Reducing self-supervised learning complexity improves weakly-supervised classification performance in computational pathology
Tim Lenz, Omar S. M. El Nahhas, Marta Ligero, Jakob Nikolas Kather
TL;DR
The paper addresses the barrier of heavy resource demands in self-supervised learning for computational pathology. It systematically reduces SSL complexity via data-volume reductions, encoder-stage modifications, and sampling strategy innovations within MoCo-v3 on a Swin Transformer backbone. Key contributions include showing that 50% SSL data suffices for downstream gene mutation tasks, demonstrating gains from multi-stage feature fusion, and introducing dynamic/negative sampling that outperform semantically relevant sampling, all while reducing training time by up to 90%. These findings enable effective foundation-model-style SSL for breast cancer histopathology on consumer hardware, broadening access and reducing costs for medical centers.
Abstract
Deep Learning models have been successfully utilized to extract clinically actionable insights from routinely available histology data. Generally, these models require annotations performed by clinicians, which are scarce and costly to generate. The emergence of self-supervised learning (SSL) methods remove this barrier, allowing for large-scale analyses on non-annotated data. However, recent SSL approaches apply increasingly expansive model architectures and larger datasets, causing the rapid escalation of data volumes, hardware prerequisites, and overall expenses, limiting access to these resources to few institutions. Therefore, we investigated the complexity of contrastive SSL in computational pathology in relation to classification performance with the utilization of consumer-grade hardware. Specifically, we analyzed the effects of adaptations in data volume, architecture, and algorithms on downstream classification tasks, emphasizing their impact on computational resources.
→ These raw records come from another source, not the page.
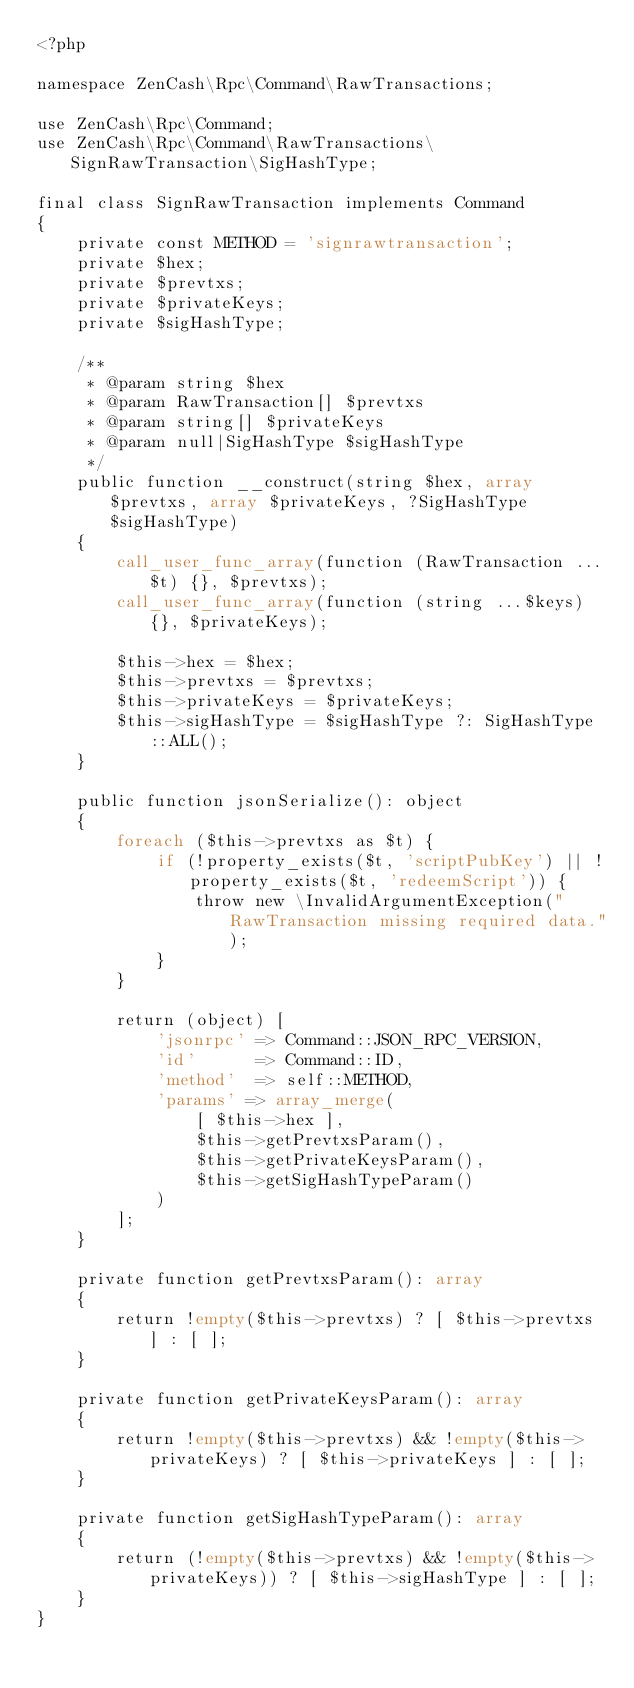Convert code to text. <code><loc_0><loc_0><loc_500><loc_500><_PHP_><?php

namespace ZenCash\Rpc\Command\RawTransactions;

use ZenCash\Rpc\Command;
use ZenCash\Rpc\Command\RawTransactions\SignRawTransaction\SigHashType;

final class SignRawTransaction implements Command
{
    private const METHOD = 'signrawtransaction';
    private $hex;
    private $prevtxs;
    private $privateKeys;
    private $sigHashType;

    /**
     * @param string $hex
     * @param RawTransaction[] $prevtxs
     * @param string[] $privateKeys
     * @param null|SigHashType $sigHashType
     */
    public function __construct(string $hex, array $prevtxs, array $privateKeys, ?SigHashType $sigHashType)
    {
        call_user_func_array(function (RawTransaction ...$t) {}, $prevtxs);
        call_user_func_array(function (string ...$keys) {}, $privateKeys);

        $this->hex = $hex;
        $this->prevtxs = $prevtxs;
        $this->privateKeys = $privateKeys;
        $this->sigHashType = $sigHashType ?: SigHashType::ALL();
    }

    public function jsonSerialize(): object
    {
        foreach ($this->prevtxs as $t) {
            if (!property_exists($t, 'scriptPubKey') || !property_exists($t, 'redeemScript')) {
                throw new \InvalidArgumentException("RawTransaction missing required data.");
            }
        }

        return (object) [
            'jsonrpc' => Command::JSON_RPC_VERSION,
            'id'      => Command::ID,
            'method'  => self::METHOD,
            'params' => array_merge(
                [ $this->hex ],
                $this->getPrevtxsParam(),
                $this->getPrivateKeysParam(),
                $this->getSigHashTypeParam()
            )
        ];
    }

    private function getPrevtxsParam(): array
    {
        return !empty($this->prevtxs) ? [ $this->prevtxs ] : [ ];
    }

    private function getPrivateKeysParam(): array
    {
        return !empty($this->prevtxs) && !empty($this->privateKeys) ? [ $this->privateKeys ] : [ ];
    }

    private function getSigHashTypeParam(): array
    {
        return (!empty($this->prevtxs) && !empty($this->privateKeys)) ? [ $this->sigHashType ] : [ ];
    }
}
</code> 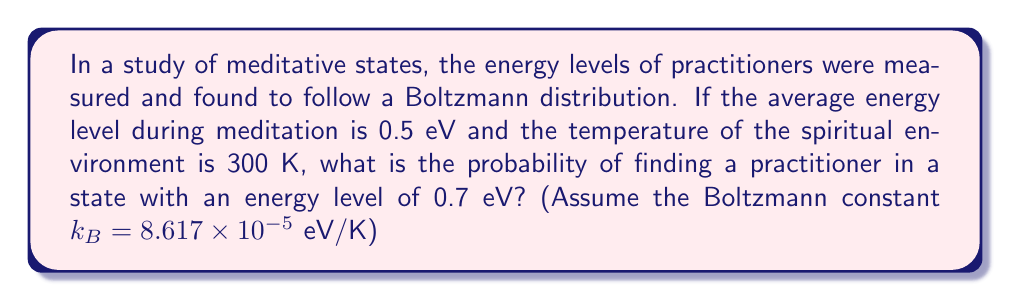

We trained breast cancer foundation models on a large public patient cohort and validated them on various downstream classification tasks in a weakly supervised manner on two external public patient cohorts. Our experiments demonstrate that we can improve downstream classification performance whilst reducing SSL training duration by 90%. In summary, we propose a set of adaptations which enable the utilization of SSL in computational pathology in non-resource abundant environments.